Hosts must use KubeDNS / CoreDNS for resolution
Kubernetes must enable mount propagation (until it is enabled by default)
Helm must be installed
Examples of how to set up the above under KubeADM and KubeSpray-based clusters must be documented as well.
OpenStack-Helm release process
The OpenStack-Helm release process will be somewhat orthogonal to the OpenStack release process, and the differences and relationship between the two must be documented in a spec. This will help folks quickly understand why OpenStack-Helm is a Release-Independent project from an OpenStack perspective.
Release notes
Release notes for the 1.0 release must be prepared, following OpenStack best practices. The criteria for future changes that should be included in release notes in an ongoing fashion must be defined / documented as well.
values.yaml changes
New charts
Any other changes to the external interface of OpenStack-Helm
LMA Operations Guide
A basic Logging, Monitoring, and Alerting-oriented operations guide must be in place, illustrating for operators (and developers) how to set up and use an example LMA setup for OpenStack and supporting services. It will include instructions on how to perform basic configuration and how to access and use the user interfaces at a high level. It will also link out to more detailed documentation for the LMA tooling itself.
Process and Tooling¶
To facilitate effective collaboration and communication across the OpenStack-Helm community team, work items for the enhancements above will be captured in Storyboard. Therefore, migration from Launchpad to Storyboard must be accomplished prior to the 1.0 release. Going forward, Storyboard will be leveraged as a tool to collaboratively define and communicate the OpenStack-Helm roadmap.
Security Impact¶
No impact
Performance Impact¶
No impact
Alternatives¶
This spec lays out the criteria for a stable and reliable 1.0 release, which can serve as the basis for real-world use as well as ongoing development. The alternative approaches would be to either iterate indefinitely without defining a 1.0 release, which would fail to signal to operators the point at which the platform is ready for real-world use; or, to define a 1.0 release which fails to satisfy key features which real-world operators need.
Implementation¶
This spec describes a wide variety of self-contained work efforts, which will be implemented individually by the whole OpenStack-Helm team.
Assignee(s)¶
Primary assignee:
mattmceuen (Matt McEuen <matt.mceuen@att.com>) for coordination
powerds (DaeSeong Kim <daeseong.kim@sk.com>) for the values.yaml ordering spec [1]
portdirect (Pete Birley <pete@port.direct>) for the release management spec [2]
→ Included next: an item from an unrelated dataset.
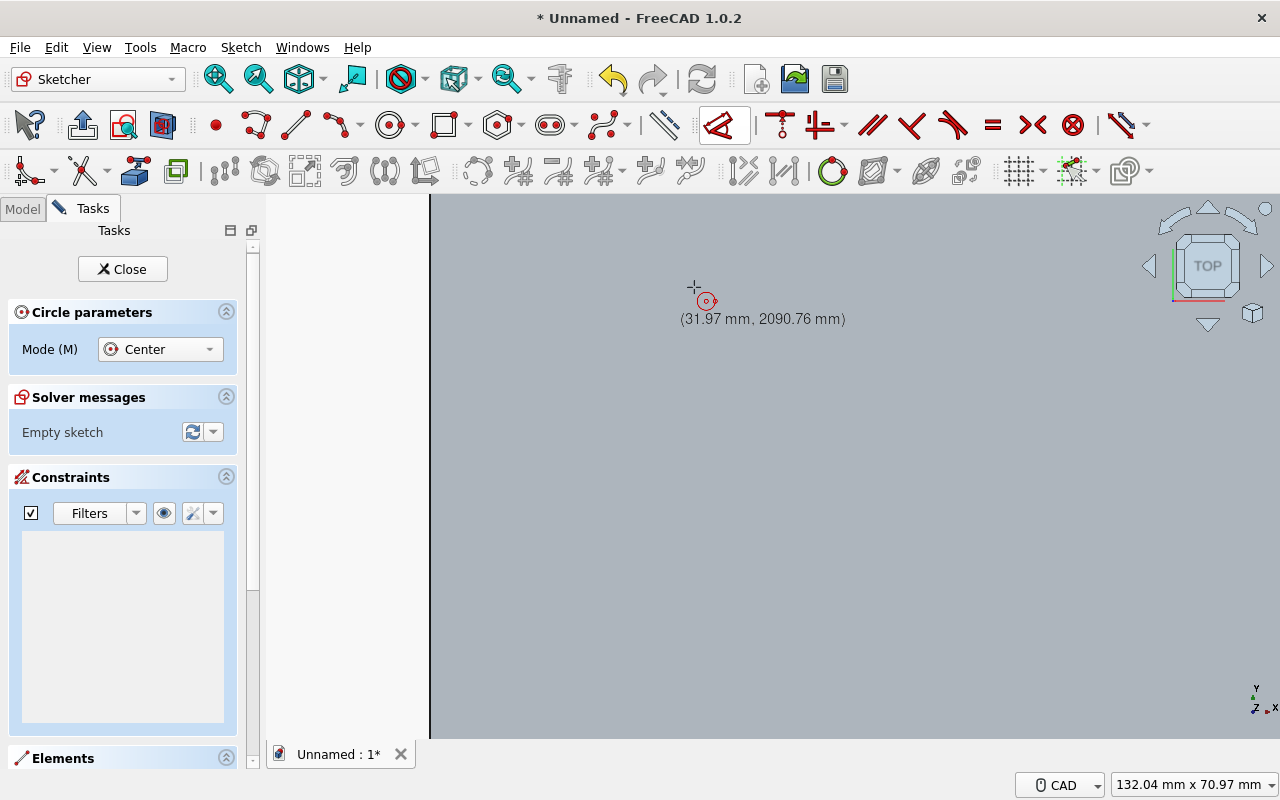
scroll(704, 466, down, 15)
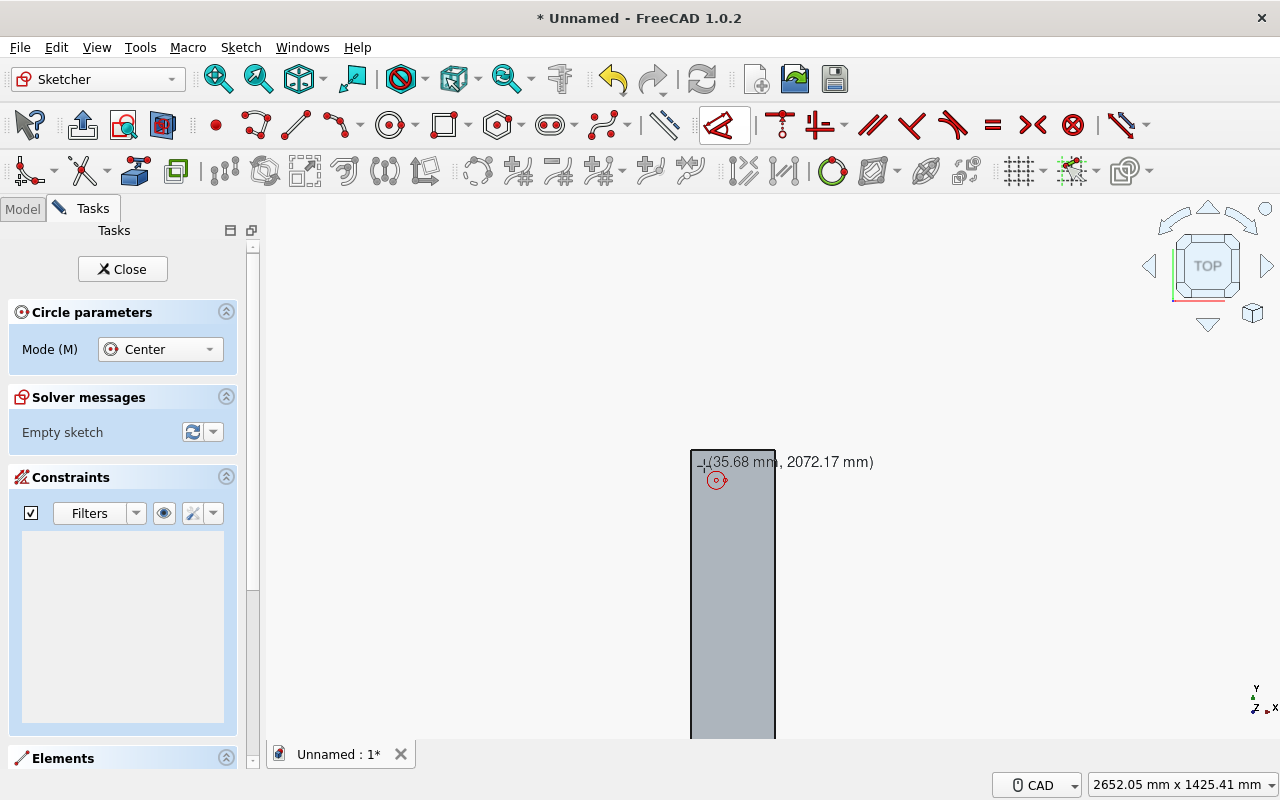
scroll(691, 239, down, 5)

randeep.jalli (Randeep Jalli <rj2083@att.com>) and renmak (Renis Makadia <renis.makadia@att.com>) for splitting up the Ceph chart
rwellum (Rich Wellum <richwellum@gmail.com>) for coordination of Storyboard adoption
Additional assignees TBD
Work Items¶
See above for the list of work items.
Testing¶
See above for gating requirements.
Documentation Impact¶
See above for documentation requirements.